Exercise inputs START

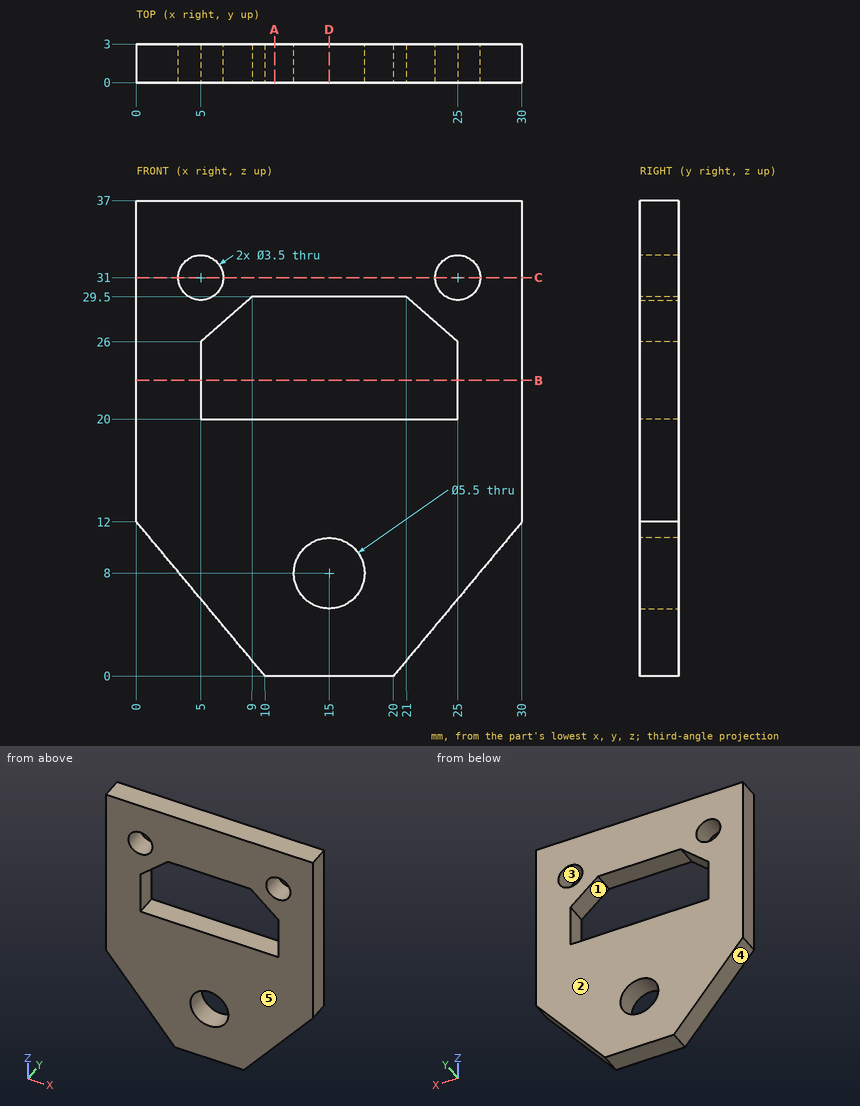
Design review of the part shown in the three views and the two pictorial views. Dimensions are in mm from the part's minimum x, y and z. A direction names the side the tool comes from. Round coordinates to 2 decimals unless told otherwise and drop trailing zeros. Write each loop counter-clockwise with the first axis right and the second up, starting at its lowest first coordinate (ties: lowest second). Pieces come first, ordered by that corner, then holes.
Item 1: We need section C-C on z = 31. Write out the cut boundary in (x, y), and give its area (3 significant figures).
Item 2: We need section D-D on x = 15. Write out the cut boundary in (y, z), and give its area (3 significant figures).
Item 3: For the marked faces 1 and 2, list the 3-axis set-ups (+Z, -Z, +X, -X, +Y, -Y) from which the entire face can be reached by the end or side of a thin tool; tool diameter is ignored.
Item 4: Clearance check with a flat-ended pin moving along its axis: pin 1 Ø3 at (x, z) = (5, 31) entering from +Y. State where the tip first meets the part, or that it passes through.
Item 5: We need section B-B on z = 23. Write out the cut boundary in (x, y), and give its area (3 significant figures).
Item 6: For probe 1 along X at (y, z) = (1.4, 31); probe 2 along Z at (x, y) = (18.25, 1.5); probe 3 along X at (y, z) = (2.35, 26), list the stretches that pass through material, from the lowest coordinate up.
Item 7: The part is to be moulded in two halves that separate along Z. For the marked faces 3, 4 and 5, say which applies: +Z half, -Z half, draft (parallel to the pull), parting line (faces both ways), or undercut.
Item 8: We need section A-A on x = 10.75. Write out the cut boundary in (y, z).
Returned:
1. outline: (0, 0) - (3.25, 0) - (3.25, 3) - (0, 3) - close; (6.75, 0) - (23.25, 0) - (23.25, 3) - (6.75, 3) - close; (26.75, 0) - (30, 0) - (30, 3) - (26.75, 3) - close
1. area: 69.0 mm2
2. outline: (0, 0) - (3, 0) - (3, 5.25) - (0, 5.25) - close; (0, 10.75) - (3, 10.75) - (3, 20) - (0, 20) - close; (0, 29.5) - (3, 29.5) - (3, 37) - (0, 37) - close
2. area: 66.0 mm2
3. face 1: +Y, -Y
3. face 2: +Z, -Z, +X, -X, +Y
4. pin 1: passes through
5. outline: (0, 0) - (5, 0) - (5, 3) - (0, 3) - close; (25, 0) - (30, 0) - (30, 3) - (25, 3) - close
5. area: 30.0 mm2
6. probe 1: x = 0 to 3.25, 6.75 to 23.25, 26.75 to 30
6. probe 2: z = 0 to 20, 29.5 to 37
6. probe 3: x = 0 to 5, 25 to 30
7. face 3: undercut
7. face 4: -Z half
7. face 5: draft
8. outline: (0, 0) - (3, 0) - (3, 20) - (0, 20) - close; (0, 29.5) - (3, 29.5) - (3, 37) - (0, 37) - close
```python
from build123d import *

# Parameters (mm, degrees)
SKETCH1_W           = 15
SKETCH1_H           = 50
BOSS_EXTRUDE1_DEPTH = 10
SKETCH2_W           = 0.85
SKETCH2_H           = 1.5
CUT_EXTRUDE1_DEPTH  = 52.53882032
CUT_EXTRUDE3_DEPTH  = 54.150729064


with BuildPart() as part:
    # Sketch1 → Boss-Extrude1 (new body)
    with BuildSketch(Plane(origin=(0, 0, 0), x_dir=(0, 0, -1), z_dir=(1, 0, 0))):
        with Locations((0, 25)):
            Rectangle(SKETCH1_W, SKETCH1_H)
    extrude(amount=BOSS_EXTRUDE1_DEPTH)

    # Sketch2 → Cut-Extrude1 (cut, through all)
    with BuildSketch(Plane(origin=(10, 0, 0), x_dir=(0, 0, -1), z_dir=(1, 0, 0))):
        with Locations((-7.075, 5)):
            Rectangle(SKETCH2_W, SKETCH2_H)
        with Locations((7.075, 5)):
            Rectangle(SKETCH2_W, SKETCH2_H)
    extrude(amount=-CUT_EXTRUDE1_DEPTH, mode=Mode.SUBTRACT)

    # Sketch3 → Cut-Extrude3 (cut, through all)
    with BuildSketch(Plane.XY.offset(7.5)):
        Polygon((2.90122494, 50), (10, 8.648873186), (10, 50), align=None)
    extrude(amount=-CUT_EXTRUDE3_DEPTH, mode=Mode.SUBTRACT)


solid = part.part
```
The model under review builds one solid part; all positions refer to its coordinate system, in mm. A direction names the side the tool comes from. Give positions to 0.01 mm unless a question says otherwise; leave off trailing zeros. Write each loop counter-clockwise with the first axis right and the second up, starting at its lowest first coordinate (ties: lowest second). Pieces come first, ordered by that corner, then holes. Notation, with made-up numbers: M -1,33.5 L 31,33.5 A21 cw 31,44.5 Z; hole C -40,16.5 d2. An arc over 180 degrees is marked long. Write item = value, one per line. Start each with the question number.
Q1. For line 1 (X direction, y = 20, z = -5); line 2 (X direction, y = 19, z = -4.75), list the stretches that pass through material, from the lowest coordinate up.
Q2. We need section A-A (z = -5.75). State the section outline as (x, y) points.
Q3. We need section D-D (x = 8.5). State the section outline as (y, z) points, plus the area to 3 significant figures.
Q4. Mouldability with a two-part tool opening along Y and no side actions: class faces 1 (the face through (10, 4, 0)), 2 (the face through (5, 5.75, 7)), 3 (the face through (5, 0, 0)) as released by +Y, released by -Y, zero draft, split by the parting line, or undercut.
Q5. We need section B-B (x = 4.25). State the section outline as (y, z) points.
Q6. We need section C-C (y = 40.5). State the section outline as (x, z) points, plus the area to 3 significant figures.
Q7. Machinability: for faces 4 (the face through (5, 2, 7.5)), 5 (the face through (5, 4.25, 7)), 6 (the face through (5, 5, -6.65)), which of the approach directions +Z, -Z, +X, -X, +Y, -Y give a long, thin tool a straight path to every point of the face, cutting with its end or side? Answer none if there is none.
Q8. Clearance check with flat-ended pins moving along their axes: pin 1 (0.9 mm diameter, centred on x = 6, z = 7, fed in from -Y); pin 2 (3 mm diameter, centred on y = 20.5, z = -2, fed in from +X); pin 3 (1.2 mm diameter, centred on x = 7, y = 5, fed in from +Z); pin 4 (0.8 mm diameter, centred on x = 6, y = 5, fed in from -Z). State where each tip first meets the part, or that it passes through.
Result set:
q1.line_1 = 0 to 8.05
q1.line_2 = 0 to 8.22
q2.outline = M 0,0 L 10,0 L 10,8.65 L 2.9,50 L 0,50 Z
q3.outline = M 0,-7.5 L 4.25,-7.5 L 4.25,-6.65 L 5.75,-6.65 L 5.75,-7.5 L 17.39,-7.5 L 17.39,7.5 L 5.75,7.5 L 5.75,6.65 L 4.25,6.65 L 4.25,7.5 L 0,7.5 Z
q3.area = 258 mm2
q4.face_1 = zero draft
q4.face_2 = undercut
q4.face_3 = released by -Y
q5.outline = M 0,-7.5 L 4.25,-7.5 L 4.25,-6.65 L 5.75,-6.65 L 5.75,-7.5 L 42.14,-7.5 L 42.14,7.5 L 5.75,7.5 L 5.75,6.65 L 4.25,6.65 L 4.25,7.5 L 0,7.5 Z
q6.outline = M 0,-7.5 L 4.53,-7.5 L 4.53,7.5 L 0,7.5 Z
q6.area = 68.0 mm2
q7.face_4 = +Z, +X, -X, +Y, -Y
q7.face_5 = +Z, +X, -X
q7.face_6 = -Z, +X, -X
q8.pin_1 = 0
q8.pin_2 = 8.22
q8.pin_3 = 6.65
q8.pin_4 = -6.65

Exercise inputs END
Exercise inputs START

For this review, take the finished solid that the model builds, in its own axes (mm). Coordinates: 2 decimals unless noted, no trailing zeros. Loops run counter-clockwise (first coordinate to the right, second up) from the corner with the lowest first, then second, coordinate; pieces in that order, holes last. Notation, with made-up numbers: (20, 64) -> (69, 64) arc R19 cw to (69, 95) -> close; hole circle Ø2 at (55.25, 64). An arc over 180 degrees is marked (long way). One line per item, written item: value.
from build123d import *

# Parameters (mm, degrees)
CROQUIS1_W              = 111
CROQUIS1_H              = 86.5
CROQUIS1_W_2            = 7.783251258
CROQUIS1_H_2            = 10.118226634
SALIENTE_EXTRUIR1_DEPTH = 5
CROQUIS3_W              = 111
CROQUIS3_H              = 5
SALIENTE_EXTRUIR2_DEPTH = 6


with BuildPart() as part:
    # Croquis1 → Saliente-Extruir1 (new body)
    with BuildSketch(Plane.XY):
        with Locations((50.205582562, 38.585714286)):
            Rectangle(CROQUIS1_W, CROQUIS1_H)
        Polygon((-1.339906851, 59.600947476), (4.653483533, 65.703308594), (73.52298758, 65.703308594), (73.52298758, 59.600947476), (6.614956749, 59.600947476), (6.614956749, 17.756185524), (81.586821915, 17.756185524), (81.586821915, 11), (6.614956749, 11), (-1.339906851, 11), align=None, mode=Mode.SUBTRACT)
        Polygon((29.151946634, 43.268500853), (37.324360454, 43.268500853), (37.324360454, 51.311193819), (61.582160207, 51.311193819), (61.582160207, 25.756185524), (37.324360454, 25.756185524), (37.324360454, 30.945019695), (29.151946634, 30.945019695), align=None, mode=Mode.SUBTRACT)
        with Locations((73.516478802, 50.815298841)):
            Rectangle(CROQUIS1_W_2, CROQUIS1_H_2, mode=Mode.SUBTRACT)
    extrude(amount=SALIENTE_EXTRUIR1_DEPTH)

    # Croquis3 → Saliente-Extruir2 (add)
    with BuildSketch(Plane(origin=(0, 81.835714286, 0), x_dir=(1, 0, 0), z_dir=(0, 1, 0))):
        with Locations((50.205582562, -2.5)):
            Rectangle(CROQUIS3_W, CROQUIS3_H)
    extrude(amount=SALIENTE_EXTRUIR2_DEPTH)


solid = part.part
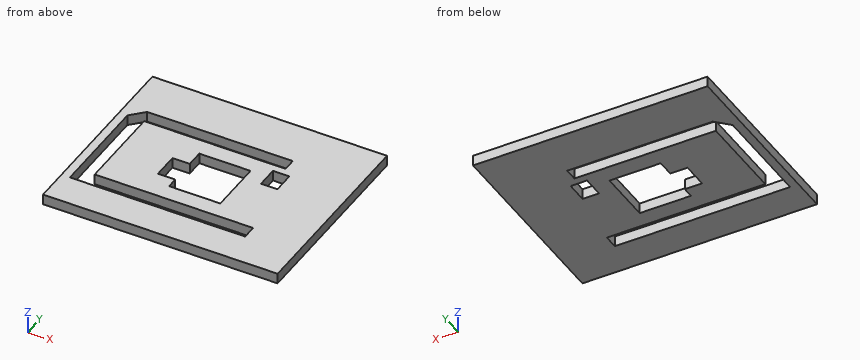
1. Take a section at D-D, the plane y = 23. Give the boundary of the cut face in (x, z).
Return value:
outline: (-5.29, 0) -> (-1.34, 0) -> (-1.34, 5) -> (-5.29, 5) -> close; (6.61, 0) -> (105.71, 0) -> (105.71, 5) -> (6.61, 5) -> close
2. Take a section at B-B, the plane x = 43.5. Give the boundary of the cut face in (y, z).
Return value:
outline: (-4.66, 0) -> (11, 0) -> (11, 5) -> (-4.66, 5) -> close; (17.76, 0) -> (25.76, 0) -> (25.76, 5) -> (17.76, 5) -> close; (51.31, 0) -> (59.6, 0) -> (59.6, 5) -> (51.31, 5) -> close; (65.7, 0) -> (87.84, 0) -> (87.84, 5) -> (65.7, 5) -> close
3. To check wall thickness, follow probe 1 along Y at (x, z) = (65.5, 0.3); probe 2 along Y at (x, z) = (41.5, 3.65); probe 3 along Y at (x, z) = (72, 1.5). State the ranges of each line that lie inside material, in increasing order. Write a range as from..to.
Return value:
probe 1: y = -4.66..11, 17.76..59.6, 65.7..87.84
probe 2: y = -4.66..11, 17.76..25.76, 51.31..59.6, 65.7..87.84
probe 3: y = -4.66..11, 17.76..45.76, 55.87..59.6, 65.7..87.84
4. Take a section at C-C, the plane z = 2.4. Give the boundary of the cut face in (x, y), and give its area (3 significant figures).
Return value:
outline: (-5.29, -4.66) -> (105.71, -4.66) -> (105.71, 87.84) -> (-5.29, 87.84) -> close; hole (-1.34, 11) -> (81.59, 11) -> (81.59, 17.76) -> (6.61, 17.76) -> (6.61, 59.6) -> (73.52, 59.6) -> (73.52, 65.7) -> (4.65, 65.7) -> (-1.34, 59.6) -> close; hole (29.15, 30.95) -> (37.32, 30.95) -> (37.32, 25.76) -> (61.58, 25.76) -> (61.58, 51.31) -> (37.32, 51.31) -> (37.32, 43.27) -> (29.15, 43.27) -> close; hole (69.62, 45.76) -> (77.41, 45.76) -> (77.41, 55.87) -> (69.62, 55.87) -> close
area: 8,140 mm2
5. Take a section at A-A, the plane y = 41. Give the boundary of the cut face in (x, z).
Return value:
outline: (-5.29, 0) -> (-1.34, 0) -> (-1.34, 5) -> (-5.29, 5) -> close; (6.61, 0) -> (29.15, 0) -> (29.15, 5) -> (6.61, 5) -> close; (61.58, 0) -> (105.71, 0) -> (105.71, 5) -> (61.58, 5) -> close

Exercise inputs END

#### [Directions]
Set down only the lines above that fall between the line holding "Design review of" and the line holding "6. probe 1: x", inclusive, keeping each exact.

#### [Exercise result]
Design review of the part shown in the three views and the two pictorial views. Dimensions are in mm from the part's minimum x, y and z. A direction names the side the tool comes from. Round coordinates to 2 decimals unless told otherwise and drop trailing zeros. Write each loop counter-clockwise with the first axis right and the second up, starting at its lowest first coordinate (ties: lowest second). Pieces come first, ordered by that corner, then holes.
Item 1: We need section C-C on z = 31. Write out the cut boundary in (x, y), and give its area (3 significant figures).
Item 2: We need section D-D on x = 15. Write out the cut boundary in (y, z), and give its area (3 significant figures).
Item 3: For the marked faces 1 and 2, list the 3-axis set-ups (+Z, -Z, +X, -X, +Y, -Y) from which the entire face can be reached by the end or side of a thin tool; tool diameter is ignored.
Item 4: Clearance check with a flat-ended pin moving along its axis: pin 1 Ø3 at (x, z) = (5, 31) entering from +Y. State where the tip first meets the part, or that it passes through.
Item 5: We need section B-B on z = 23. Write out the cut boundary in (x, y), and give its area (3 significant figures).
Item 6: For probe 1 along X at (y, z) = (1.4, 31); probe 2 along Z at (x, y) = (18.25, 1.5); probe 3 along X at (y, z) = (2.35, 26), list the stretches that pass through material, from the lowest coordinate up.
Item 7: The part is to be moulded in two halves that separate along Z. For the marked faces 3, 4 and 5, say which applies: +Z half, -Z half, draft (parallel to the pull), parting line (faces both ways), or undercut.
Item 8: We need section A-A on x = 10.75. Write out the cut boundary in (y, z).
Returned:
1. outline: (0, 0) - (3.25, 0) - (3.25, 3) - (0, 3) - close; (6.75, 0) - (23.25, 0) - (23.25, 3) - (6.75, 3) - close; (26.75, 0) - (30, 0) - (30, 3) - (26.75, 3) - close
1. area: 69.0 mm2
2. outline: (0, 0) - (3, 0) - (3, 5.25) - (0, 5.25) - close; (0, 10.75) - (3, 10.75) - (3, 20) - (0, 20) - close; (0, 29.5) - (3, 29.5) - (3, 37) - (0, 37) - close
2. area: 66.0 mm2
3. face 1: +Y, -Y
3. face 2: +Z, -Z, +X, -X, +Y
4. pin 1: passes through
5. outline: (0, 0) - (5, 0) - (5, 3) - (0, 3) - close; (25, 0) - (30, 0) - (30, 3) - (25, 3) - close
5. area: 30.0 mm2
6. probe 1: x = 0 to 3.25, 6.75 to 23.25, 26.75 to 30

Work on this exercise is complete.